There have been a few case studies published that involve preserving digital objects using the cloud. Two are presented here.
Edward Iglesias – who just recently left Central Connecticut State University -- decided a few years ago to use Amazon S3 for storing their long-term archival masters for digital preservation purposes. After reviewing various options, they decided on Amazon S3 because the overall costs were lower than other options and it offered immediate access to archival files and provided redundant, geographically diverse storage. In evaluating their decision, they determined that using Amazon S3 for storage was a very good one for them and that the costs were low and there was no downtime in the first year of use (Iglesias & Meesangnil, 2010).
The Parliamentary Archives, Houses of Parliament, London, United Kingdom, adopted third-party cloud storage to use with their Preserivca Enterprise digital preservation system. Although the Preservica Enterprise software is installed on a local server, most of the digital objects are stored in the cloud. Fryer and Brown’s case study explored some of the opportunities and challenges of using the cloud for digital preservation. One of the biggest challenges was how to deal with sensitive data. The Parliamentary Archives decided to keep sensitive data local while storing the bulk of their data, which is publicly accessible, using cloud storage. As mentioned, one of the risks associated with cloud computing is the cloud provider going out of business or otherwise doing something to make the digital objects in the cloud inaccessible. In order to minimize this risk, the Parliamentary Archives decided to store their data with two different cloud providers.
And, finally,
An exit strategy is important to consider when choosing to use a cloud computing service. Exit strategies are often neglected -- However, no solution lasts forever and the perfect solution today may not be in the future! It is important to ask if a library stores data in the cloud, but the cloud provider goes out of business, or raises their prices, or for whatever reason the library simply does not like its service any more, how does the library get its data back (Robinson, 2015)?

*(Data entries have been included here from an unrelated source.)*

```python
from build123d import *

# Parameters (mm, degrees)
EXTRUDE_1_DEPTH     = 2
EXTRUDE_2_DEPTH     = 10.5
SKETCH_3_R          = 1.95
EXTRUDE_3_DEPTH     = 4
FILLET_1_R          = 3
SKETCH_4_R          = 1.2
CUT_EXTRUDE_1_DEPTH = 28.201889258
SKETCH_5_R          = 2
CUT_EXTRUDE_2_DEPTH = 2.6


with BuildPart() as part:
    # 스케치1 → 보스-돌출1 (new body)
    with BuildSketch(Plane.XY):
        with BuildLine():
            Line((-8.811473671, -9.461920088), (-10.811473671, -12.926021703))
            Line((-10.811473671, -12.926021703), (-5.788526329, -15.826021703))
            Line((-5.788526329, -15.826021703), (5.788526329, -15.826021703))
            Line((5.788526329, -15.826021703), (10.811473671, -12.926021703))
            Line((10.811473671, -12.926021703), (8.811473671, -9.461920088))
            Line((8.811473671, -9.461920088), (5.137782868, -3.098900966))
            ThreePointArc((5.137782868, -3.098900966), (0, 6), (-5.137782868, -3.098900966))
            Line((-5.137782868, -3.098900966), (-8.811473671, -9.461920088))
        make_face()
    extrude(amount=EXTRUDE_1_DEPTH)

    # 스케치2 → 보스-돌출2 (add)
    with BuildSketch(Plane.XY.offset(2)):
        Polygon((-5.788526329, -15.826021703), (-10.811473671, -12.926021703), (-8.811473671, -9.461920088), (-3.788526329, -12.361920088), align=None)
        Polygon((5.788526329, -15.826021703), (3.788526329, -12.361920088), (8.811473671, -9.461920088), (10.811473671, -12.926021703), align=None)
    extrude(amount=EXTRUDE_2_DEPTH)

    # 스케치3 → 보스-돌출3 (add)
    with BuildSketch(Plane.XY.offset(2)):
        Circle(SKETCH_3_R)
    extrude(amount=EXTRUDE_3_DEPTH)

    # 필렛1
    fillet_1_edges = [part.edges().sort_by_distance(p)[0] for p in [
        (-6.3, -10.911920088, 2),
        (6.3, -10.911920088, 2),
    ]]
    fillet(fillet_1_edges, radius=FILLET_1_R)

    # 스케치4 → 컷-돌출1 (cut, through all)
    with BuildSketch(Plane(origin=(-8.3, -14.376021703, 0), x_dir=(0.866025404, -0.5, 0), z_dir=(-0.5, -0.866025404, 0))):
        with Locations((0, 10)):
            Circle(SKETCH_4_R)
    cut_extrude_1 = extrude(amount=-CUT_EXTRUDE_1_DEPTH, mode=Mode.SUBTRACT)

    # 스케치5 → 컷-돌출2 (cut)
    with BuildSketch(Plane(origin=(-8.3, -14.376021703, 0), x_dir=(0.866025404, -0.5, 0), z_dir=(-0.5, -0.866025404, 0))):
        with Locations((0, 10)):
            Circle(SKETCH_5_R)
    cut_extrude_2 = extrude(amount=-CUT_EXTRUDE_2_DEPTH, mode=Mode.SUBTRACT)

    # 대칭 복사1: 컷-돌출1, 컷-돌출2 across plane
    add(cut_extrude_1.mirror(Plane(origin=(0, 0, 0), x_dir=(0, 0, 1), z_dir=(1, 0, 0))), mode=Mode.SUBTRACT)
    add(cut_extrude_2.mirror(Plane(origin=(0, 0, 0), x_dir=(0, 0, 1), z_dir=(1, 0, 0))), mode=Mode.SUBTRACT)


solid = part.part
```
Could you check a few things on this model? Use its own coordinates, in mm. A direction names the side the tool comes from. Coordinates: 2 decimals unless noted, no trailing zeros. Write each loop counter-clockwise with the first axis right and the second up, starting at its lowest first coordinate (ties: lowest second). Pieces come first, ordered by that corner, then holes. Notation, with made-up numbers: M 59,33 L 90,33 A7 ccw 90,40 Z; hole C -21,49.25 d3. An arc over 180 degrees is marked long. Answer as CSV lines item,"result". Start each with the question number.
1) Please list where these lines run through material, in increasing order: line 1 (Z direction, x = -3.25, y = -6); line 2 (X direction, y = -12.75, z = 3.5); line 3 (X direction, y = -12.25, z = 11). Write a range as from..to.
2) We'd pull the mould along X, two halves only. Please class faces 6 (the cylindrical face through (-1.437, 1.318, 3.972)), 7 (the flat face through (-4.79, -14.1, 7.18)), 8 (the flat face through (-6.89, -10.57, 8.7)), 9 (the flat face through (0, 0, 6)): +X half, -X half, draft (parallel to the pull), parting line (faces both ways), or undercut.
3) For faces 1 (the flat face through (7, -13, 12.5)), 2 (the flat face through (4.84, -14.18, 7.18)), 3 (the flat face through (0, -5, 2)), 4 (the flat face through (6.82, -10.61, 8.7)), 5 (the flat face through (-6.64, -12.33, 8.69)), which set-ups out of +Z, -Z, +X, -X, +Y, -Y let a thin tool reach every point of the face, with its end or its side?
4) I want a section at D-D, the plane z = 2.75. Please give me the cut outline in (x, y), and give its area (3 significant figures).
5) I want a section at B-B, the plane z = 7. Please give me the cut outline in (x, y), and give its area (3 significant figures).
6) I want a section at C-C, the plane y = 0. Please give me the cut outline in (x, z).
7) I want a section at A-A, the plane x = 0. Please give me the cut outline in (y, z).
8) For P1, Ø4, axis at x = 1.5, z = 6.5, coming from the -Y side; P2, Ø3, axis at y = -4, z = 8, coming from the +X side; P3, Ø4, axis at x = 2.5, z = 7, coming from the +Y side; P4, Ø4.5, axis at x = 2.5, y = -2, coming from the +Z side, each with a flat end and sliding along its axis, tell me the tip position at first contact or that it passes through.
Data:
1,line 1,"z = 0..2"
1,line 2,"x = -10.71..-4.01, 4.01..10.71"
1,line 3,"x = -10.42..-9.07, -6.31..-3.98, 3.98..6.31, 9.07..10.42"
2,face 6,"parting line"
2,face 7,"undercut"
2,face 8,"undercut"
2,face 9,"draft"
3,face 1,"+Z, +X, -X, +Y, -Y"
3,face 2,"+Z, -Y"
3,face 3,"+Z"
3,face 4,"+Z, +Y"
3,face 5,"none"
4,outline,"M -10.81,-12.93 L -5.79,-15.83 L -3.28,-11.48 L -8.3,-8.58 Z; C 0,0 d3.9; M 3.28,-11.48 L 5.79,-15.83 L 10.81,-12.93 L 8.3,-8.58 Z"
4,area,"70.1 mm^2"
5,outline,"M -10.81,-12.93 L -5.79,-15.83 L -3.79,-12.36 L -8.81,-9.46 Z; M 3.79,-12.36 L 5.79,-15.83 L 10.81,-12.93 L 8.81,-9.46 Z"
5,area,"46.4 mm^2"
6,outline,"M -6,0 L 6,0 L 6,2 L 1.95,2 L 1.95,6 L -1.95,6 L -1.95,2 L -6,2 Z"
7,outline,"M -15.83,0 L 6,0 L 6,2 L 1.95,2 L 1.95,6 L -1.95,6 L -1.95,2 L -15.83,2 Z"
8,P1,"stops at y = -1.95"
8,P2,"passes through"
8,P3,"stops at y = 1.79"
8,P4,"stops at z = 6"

This is especially an issue when dealing with large amounts of data that might be stored for digital preservation. These questions should be addressed and answered when signing a contract if at all possible. If the library can’t negotiate with the provider (a small, single library will not likely have much leverage negotiating with Amazon or Google) it is important for the library to understand the terms of service and what they mean for the libraries’ ability to migrate to a different solution in the future. Librarians need to determine who owns the data that they enter into a cloud system, how they will store and manage their data in the cloud, and how they get their data back out. These issues can be even more pronounced in a PaaS or SaaS solution since the data may be intrinsically tied to the cloud application or platform.
In conclusion… ***
Digital preservation isn’t easy.
Although there are many technical threats to digital preservation, ultimately digital preservation is not merely a technological challenge. Policies and procedures need to be in place to ensure ongoing digital preservation.
Cloud Computing can be successfully and economically used for digital preservation in the appropriate situations. However, cloud computing platforms used for digital preservation should be routinely reviewed and revaluated.
Digital presentation is not something that can be done once and then forgotten about. Likewise, cloud computing is a quickly evolving technical field. Information professionals need to review both their digital preservation strategy and the applicability of cloud computing as part of that strategy on an ongoing basis.